Follow the steps to enable/disable a schedule.

Step 1 – In Admin Center, click Identity Stores in the left pane.

Step 2 – On the Identity Stores page, click the ellipsis button for an identity store and select Edit.

Step 3 – Click Schedules under Settings in the left pane.

Step 4 – On the Schedules page, click the plus sign for a job to view the schedules defined for it.

Step 5 – Use the Enable toggle button for a schedule to enable or disable it.
A disabled schedule is not executed in the identity store.

Step 6 – Click Save.

Update Triggers for a Schedule

A trigger is a criterion that, when met, starts the execution of a schedule.

Follow the steps to update triggers for a schedule.

Step 1 – In Admin Center, click Identity Stores in the left pane.

Step 2 – On the Identity Stores page, click the ellipsis button for an identity store and select Edit.

Step 3 – Click Schedules under Settings in the left pane.

Step 4 – On the Schedules page, click the plus sign for a job to view the schedules defined for it.

Step 5 – Click the ellipsis button for a schedule and select Edit.

Step 6 – On the Edit Schedule page, the Triggers area displays the trigger(s) set for the schedule.

  • To update a trigger, click Edit for it.
  • To add a new trigger, click Add Trigger.
  • To remove a trigger, click Remove for it.

Follow step 11 in the Group Usage Service Schedule topic to manage triggers.

Step 7 – Click Update Schedule.

Step 8 – Click Save on the Schedules page.

Update Targets for a Schedule

Targets in a schedule are the objects processed by that schedule.

Follow the steps to update the targets.

Step 1 – In Admin Center, click Identity Stores in the left pane.

Step 2 – On the Identity Stores page, click the ellipsis button for an identity store and select Edit.

Step 3 – Click Schedules under Settings in the left pane.

Step 4 – On the Schedules page, click the plus sign for a job to view the schedules defined for it.

Step 5 – Click the ellipsis button for a schedule and select Edit.

Step 6 – On the Edit Schedule page, the Target(s) area displays the target objects for the schedule.
Target types differ for different schedule types. For example, you can set containers as targets for a Group Lifecycle schedule; and jobs and job collections for a Synchronize schedule.

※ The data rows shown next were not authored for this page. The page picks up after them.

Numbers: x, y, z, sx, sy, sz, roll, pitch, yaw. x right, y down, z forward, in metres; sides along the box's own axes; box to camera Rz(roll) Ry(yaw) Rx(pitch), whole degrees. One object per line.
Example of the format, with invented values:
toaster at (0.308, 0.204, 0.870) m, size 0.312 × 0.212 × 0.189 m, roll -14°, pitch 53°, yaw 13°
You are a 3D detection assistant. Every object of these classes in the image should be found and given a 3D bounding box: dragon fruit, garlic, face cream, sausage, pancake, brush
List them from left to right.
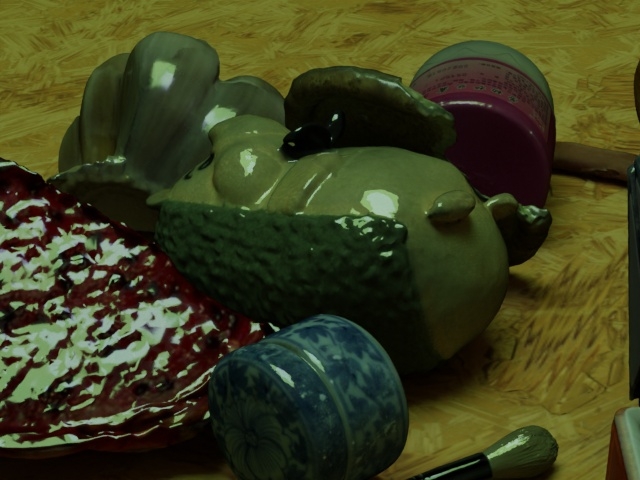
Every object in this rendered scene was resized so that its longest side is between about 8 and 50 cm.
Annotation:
dragon fruit at (-0.212, 0.131, 1.776) m, size 0.329 × 0.228 × 0.286 m, roll 23°, pitch 63°, yaw 2°
garlic at (-0.156, -0.105, 2.049) m, size 0.237 × 0.210 × 0.292 m, roll -35°, pitch 20°, yaw 44°
brush at (0.060, 0.208, 1.607) m, size 0.299 × 0.042 × 0.039 m, roll -15°, pitch -1°, yaw -15°
pancake at (0.092, -0.064, 1.914) m, size 0.286 × 0.288 × 0.033 m, roll 22°, pitch 63°, yaw 19°
face cream at (0.162, -0.105, 2.081) m, size 0.175 × 0.175 × 0.195 m, roll -2°, pitch 27°, yaw 10°
sausage at (0.301, -0.088, 2.172) m, size 0.158 × 0.036 × 0.042 m, roll 13°, pitch -3°, yaw 34°

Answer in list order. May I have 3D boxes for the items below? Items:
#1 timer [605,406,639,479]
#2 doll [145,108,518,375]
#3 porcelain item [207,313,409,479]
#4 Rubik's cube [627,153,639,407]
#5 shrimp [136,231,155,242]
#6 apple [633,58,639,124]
timer at (0.325, 0.247, 1.334) m, size 0.250 × 0.161 × 0.257 m, roll 3°, pitch 25°, yaw 0°
doll at (0.000, 0.000, 1.832) m, size 0.350 × 0.247 × 0.247 m, roll 1°, pitch 26°, yaw 29°
porcelain item at (-0.014, 0.144, 1.624) m, size 0.114 × 0.147 × 0.147 m, roll -22°, pitch 29°, yaw -37°
Rubik's cube at (0.383, 0.077, 1.551) m, size 0.260 × 0.254 × 0.259 m, roll -6°, pitch 24°, yaw 1°
shrimp at (-0.232, 0.023, 2.039) m, size 0.145 × 0.061 × 0.267 m, roll -31°, pitch 34°, yaw -28°
apple at (0.440, -0.147, 2.094) m, size 0.196 × 0.196 × 0.196 m, roll -5°, pitch 25°, yaw 2°
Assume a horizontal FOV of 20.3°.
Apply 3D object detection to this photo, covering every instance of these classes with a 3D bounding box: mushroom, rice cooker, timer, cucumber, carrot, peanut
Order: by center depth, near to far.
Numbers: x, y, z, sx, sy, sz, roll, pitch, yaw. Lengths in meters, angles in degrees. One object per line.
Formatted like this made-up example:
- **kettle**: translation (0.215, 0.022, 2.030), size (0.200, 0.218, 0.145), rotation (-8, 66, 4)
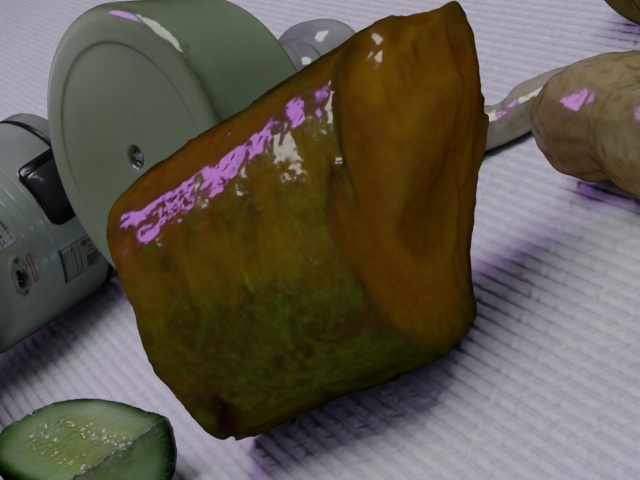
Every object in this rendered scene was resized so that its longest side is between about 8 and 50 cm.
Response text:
- **carrot**: translation (0.000, 0.000, 1.350), size (0.341, 0.241, 0.241), rotation (-29, 20, 23)
- **peanut**: translation (0.248, -0.088, 1.365), size (0.117, 0.101, 0.263), rotation (-55, 22, 0)
- **cucumber**: translation (-0.204, 0.184, 1.494), size (0.115, 0.063, 0.244), rotation (-34, 18, -20)
- **mushroom**: translation (0.189, -0.126, 1.625), size (0.202, 0.054, 0.059), rotation (-21, 27, 18)
- **timer**: translation (-0.062, -0.123, 1.762), size (0.315, 0.290, 0.291), rotation (-22, 9, -37)
- **rice cooker**: translation (-0.331, -0.013, 1.889), size (0.244, 0.226, 0.226), rotation (-33, 16, -35)

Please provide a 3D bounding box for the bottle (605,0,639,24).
- **bottle**: translation (0.318, -0.268, 1.572), size (0.171, 0.171, 0.351), rotation (-34, 20, 0)
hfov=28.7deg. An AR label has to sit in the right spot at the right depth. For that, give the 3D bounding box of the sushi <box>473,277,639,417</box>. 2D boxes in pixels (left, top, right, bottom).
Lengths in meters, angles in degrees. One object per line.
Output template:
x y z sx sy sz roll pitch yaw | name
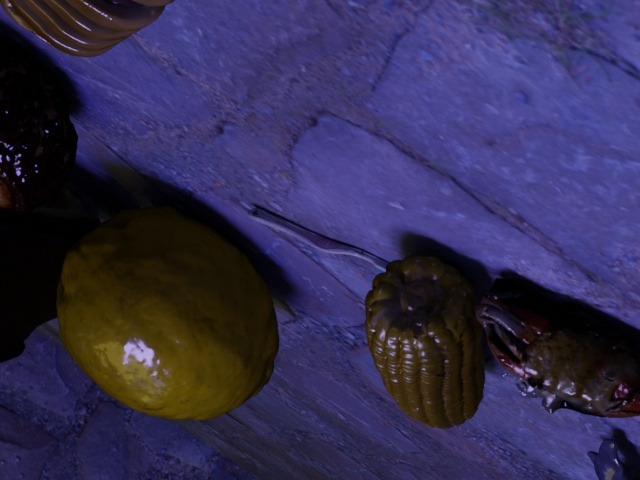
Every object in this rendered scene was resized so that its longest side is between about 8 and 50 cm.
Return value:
0.250 0.125 1.242 0.226 0.097 0.103 28 162 21 | sushi

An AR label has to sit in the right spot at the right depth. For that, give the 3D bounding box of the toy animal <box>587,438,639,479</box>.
0.427 0.371 1.621 0.367 0.081 0.206 38 150 -18 | toy animal

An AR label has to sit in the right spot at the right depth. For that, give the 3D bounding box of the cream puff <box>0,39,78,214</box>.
-0.394 -0.143 1.492 0.239 0.165 0.239 29 159 12 | cream puff

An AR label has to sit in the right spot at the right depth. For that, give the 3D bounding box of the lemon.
-0.198 0.106 1.666 0.316 0.285 0.285 58 158 -7 | lemon

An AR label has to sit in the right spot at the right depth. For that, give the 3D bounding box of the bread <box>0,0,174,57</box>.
-0.215 -0.225 1.112 0.134 0.081 0.225 39 162 -17 | bread

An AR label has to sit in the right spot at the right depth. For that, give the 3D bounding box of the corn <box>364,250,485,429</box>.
0.123 0.126 1.415 0.131 0.131 0.344 25 161 20 | corn

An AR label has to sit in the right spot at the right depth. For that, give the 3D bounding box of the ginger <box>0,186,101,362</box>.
-0.482 0.002 1.820 0.413 0.211 0.358 18 133 -41 | ginger

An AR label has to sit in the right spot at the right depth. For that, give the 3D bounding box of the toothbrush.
0.000 0.000 1.464 0.204 0.017 0.022 23 141 24 | toothbrush
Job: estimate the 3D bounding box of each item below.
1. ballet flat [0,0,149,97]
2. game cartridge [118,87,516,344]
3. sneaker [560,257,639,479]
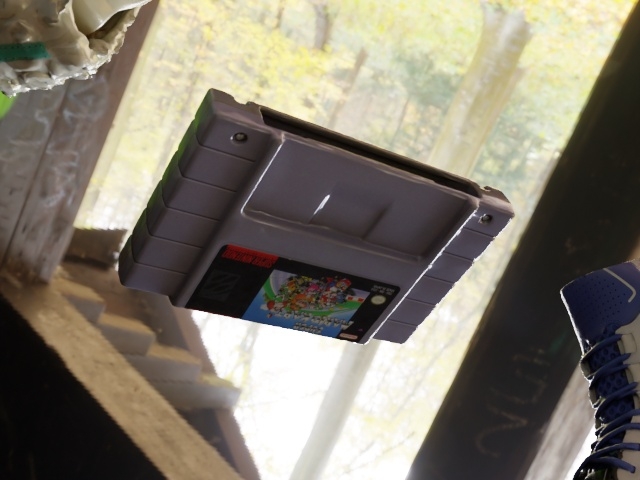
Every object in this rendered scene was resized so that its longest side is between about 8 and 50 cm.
[{"bbox_3d":[-0.115,-0.256,0.609,0.147,0.408,0.147,19,152,11],"label":"ballet flat"},{"bbox_3d":[0.000,0.000,0.857,0.355,0.230,0.068,15,-148,-30],"label":"game cartridge"},{"bbox_3d":[0.299,0.173,0.773,0.182,0.127,0.315,-13,-113,-27],"label":"sneaker"}]
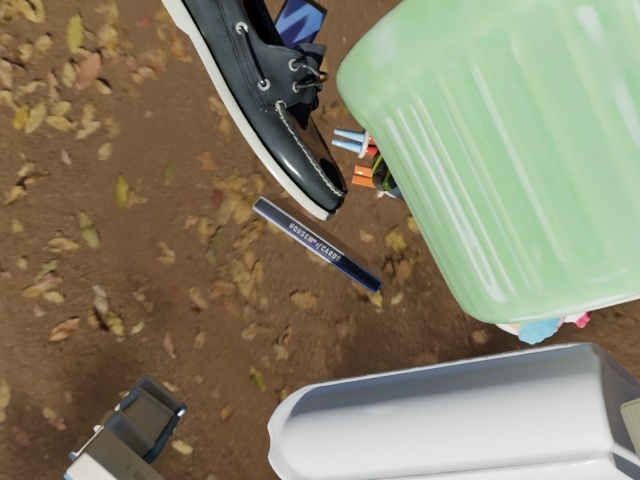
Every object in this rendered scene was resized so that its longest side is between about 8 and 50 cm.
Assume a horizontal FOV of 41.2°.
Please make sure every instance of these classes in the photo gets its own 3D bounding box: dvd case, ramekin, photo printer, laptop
[{"bbox_3d":[0.000,0.000,1.427,0.239,0.179,0.029,36,95,-1],"label":"dvd case"},{"bbox_3d":[0.174,-0.072,0.429,0.303,0.303,0.148,-21,88,4],"label":"ramekin"},{"bbox_3d":[0.125,0.179,0.754,0.307,0.256,0.107,-13,64,27],"label":"photo printer"},{"bbox_3d":[-0.022,-0.312,1.627,0.136,0.234,0.264,-24,87,17],"label":"laptop"}]

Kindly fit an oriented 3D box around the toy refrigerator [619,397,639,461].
[{"bbox_3d":[0.315,0.105,0.461,0.269,0.102,0.094,-21,107,15],"label":"toy refrigerator"}]

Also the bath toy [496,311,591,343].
[{"bbox_3d":[0.358,0.091,1.346,0.151,0.348,0.129,-34,75,19],"label":"bath toy"}]

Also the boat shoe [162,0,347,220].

Other schedules, such as a User Lifecycle schedule, may not require a target, as they execute certain functions for an identity store.

  • To add a target object to a schedule, refer to the instructions for the respective schedule.
  • To remove a target object, click Remove for it.
  • To remove all target objects, click Remove All.

Step 7 – Click Update Schedule.

Step 8 – Click Save on the Schedules page.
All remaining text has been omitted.